Teresa decidió huir. Alquiló su piso en la ciudad y compró una casita en el pueblo, buscando paz.

Vera se hizo amiga de Mariana y, al conocer su historia, la compadeció. Notó que Miguel estaba enamorado de ella, pero no le guardó rencor.

Con el tiempo, Miguel y Mariana empezaron a salir, lo que enfureció a Ana.

—Miguel, no está bien herir a Vero así. Vosotros dos estáis hechos el uno para el otro, y ahora llega esta forastera… Vero es una mujer hecha y derecha, ¿y esa? ¡Ni sabe freír un huevo!

—Mamá, no la conoces. Además, nunca le prometí nada a Vero. Eso lo decidiste tú.

Antonio no solía intervenir, pero esa vez defendió a su hijo:

—Déjalo, Ana. Es su vida.

—¿Su vida? ¡La va a arruinar con esa chica! Y tú, como si no fuera tu sangre. Seguro que es tu madre la que te llena la cabeza.

La rivalidad entre Ana y su suegra era antigua. Desde el principio, su suegra despreció a Ana, llegando a insinuar que Miguel no era hijo de Antonio. Por eso él evitaba meterse en discusiones.

Al terminar el instituto, Miguel y Mariana decidieron casarse. Antonio le pidió que lo pensara bien, pero él se enfadó.

—Padre, déjame en paz. La amo, y solo con ella seré feliz.

Sabía que no podía hablar de esto delante de su madre, así que actuó por su cuenta. Se casaron en el registro civil y, al mes, regresaron como marido y mujer. Ana montó en cólera.

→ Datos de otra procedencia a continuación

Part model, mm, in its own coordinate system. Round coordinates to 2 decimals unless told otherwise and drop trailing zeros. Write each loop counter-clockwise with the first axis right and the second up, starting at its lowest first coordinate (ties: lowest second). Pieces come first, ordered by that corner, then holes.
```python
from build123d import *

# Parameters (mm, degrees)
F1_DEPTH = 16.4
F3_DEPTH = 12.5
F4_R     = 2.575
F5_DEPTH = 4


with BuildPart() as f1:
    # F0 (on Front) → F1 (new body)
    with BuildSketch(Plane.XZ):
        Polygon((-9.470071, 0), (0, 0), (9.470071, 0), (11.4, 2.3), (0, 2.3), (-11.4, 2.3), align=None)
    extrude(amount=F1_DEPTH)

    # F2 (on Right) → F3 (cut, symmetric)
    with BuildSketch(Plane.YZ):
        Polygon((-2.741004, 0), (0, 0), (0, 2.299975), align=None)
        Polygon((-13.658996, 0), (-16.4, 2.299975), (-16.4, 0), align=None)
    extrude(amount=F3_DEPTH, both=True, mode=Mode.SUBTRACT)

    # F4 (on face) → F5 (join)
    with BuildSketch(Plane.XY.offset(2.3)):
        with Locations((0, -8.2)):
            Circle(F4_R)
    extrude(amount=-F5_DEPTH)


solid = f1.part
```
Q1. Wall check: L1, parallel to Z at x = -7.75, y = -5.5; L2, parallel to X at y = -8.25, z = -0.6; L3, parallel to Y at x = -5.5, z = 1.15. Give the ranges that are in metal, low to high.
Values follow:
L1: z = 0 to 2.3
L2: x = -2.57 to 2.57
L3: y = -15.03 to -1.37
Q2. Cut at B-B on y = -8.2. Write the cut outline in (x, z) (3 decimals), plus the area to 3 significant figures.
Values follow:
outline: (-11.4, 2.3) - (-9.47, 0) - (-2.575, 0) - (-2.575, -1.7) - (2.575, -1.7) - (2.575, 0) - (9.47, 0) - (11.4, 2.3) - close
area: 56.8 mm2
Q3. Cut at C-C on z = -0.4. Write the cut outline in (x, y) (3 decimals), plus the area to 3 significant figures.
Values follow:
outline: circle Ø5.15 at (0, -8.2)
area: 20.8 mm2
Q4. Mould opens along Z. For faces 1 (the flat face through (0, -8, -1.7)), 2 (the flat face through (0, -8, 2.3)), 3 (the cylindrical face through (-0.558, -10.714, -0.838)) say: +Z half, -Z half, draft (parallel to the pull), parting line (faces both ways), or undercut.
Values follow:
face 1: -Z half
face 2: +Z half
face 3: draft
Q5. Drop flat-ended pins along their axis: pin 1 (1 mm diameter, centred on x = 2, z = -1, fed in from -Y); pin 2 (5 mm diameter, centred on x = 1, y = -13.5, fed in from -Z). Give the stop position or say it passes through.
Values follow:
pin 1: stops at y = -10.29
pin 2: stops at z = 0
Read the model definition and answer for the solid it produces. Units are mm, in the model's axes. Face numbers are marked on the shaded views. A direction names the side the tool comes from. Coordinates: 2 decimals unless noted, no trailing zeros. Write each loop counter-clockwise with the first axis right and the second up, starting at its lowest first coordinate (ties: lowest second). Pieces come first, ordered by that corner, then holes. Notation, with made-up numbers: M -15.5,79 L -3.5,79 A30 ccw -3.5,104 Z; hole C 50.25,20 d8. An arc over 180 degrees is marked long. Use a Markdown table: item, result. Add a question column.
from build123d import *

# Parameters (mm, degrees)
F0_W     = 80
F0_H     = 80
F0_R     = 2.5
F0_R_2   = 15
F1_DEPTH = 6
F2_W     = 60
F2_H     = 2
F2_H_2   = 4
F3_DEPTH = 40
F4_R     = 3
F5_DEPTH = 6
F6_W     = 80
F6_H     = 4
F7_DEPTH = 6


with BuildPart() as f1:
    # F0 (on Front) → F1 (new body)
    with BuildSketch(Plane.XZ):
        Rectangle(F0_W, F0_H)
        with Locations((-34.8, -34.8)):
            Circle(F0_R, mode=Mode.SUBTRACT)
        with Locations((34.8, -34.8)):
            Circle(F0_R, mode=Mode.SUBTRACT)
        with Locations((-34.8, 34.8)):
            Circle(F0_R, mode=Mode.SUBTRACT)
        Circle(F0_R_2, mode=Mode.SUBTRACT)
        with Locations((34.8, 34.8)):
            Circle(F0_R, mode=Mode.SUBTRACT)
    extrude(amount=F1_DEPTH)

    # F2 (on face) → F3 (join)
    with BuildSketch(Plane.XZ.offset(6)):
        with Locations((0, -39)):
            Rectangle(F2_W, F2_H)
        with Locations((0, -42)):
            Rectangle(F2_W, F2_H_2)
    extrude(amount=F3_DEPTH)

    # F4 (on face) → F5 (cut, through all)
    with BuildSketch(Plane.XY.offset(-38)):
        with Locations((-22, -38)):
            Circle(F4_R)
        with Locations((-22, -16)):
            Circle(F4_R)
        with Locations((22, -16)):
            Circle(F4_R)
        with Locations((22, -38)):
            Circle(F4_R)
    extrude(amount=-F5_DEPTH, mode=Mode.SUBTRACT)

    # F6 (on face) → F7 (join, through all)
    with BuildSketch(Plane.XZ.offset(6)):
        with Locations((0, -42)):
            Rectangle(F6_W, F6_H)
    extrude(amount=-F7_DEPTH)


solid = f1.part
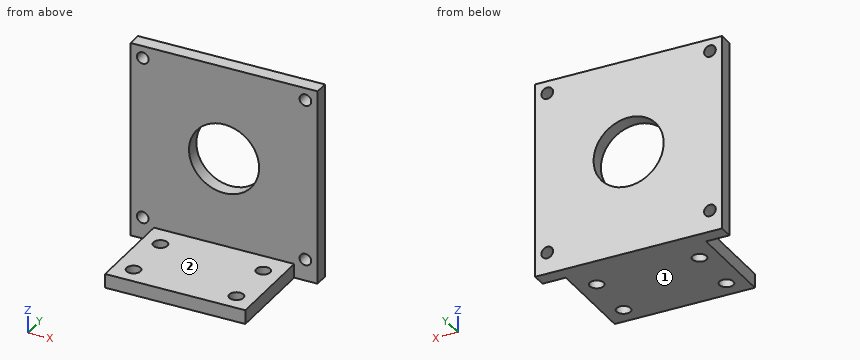
Item 1: For the marked faces 1 and 2, determine the directions among +Z, -Z, +X, -X, +Y, -Y from which every point of the face is accessible in a straight line to the end or side of a thin tool.
Item 2: Find section A-A on y = -16. Give the vertices of the cut face in (x, z).
Item 3: Each of these flat-tipped pins is pushed along its axis until it touches: pin 1 (4 mm diameter, centred on x = -34.8, z = 34.8, fed in from +Y); pin 2 (10 mm diameter, centred on x = -22, y = -34.5, fed in from +Z); pin 3 (24 mm diameter, centred on x = 13, z = -0.5, fed in from -Y); pin 4 (3 mm diameter, centred on y = -30, z = -40, fed in from -X). Where does it stop, or does it pass through?
Item 4: Consider probe 1 along Y at (x, z) = (22, -41.8); probe 2 along X at (y, z) = (-1, 34); probe 3 along Y at (x, z) = (-6, 36). Determine where each line is inside the solid, lowest interval first.
Item 5: Find section C-C on z = 9. Give the vertices of the cut face in (x, y), then the cut area to 3 significant figures.
Item 6: Find section B-B on x = 34.8. Give the vertices of the cut face in (y, z).
Item 7: Find section D-D on x = 6.5. Give the vertices of the cut face in (y, z).
Geometry says:
| question | item | result |
|---|---|---|
| 1 | face 1 | -Z, +X, -X, +Y, -Y |
| 1 | face 2 | +Z, +X, -X, -Y |
| 2 | outline | M -30,-44 L -25,-44 L -25,-38 L -30,-38 Z; M -19,-44 L 19,-44 L 19,-38 L -19,-38 Z; M 25,-44 L 30,-44 L 30,-38 L 25,-38 Z |
| 3 | pin 1 | passes through |
| 3 | pin 2 | stops at z = -38 |
| 3 | pin 3 | stops at y = -6 |
| 3 | pin 4 | stops at x = -30 |
| 4 | probe 1 | y = -46 to -41, -35 to -19, -13 to 0 |
| 4 | probe 2 | x = -40 to -37.17, -32.43 to 32.43, 37.17 to 40 |
| 4 | probe 3 | y = -6 to 0 |
| 5 | outline | M -40,-6 L -12,-6 L -12,0 L -40,0 Z; M 12,-6 L 40,-6 L 40,0 L 12,0 Z |
| 5 | area | 336 mm2 |
| 6 | outline | M -6,-44 L 0,-44 L 0,-37.3 L -6,-37.3 Z; M -6,-32.3 L 0,-32.3 L 0,32.3 L -6,32.3 Z; M -6,37.3 L 0,37.3 L 0,40 L -6,40 Z |
| 7 | outline | M -46,-44 L 0,-44 L 0,-13.52 L -6,-13.52 L -6,-38 L -46,-38 Z; M -6,13.52 L 0,13.52 L 0,40 L -6,40 Z |

—¡No permitiré que esa intrusa pise mi casa! —gritó, soltando una retahíla de insultos.

Miguel empacó sus cosas y se mudó con Teresa. Ella y su yerno se llevaban bien. Con sus padres, en cambio, cortó todo contacto. Ni siquiera los invitó a su despedida antes de ir a la mili.

—Miguel, iré a verte cuando jures bandera —prometió Mariana, y él sonrió, feliz.

Mariana cumplió su palabra y viajó para la ceremonia.

—Miguel, estoy embarazada —le susurró aquel día—. Vamos a tener un bebé.

La alegría lo inundó. Escribió a sus padres para compartir la noticia, pero no respondieron. Cuando nació su hijo, tampoco. Mariana dolía: su suegra la rechazaba y evitaba a toda costa.

Al volver del servicio, Miguel fue primero a casa de sus padres. Los echaba de menos, y pensaba que ellos también.

—¡Hijo mío! —Ana lo recibió con efusividad—. Siéntate, que tu padre está trabajando.

Le sirvió una copa, luego otra. Miguel, que no solía beber, acabó mareado. Aprovechando su estado, Ana soltó la bomba.

—Miguel, ese niño no es tuyo. En cuanto te fuiste, vino un chico a casa de Teresa. Dicen que es primo de Mariana, pero yo no me lo creo.

—¿Qué dices, madre? —rugió, furioso.

—El niño no se te parece en nada. Se parece a ese tipo.

Ebrio y herido, Miguel perdió el control. Sacó la escopeta de su padre y salió corriendo.

Ana, arrepentida, lo siguió gritando. Cuando entró en la casa de Teresa, Miguel ya apuntaba a Mariana y al bebé, mientras Teresa intentaba protegerlos. Ana lo empujó, él apretó el gatillo… pero el arma no estaba cargada.

—¡Hijo, no lo hagas! —lloraba Ana, colgada de su brazo.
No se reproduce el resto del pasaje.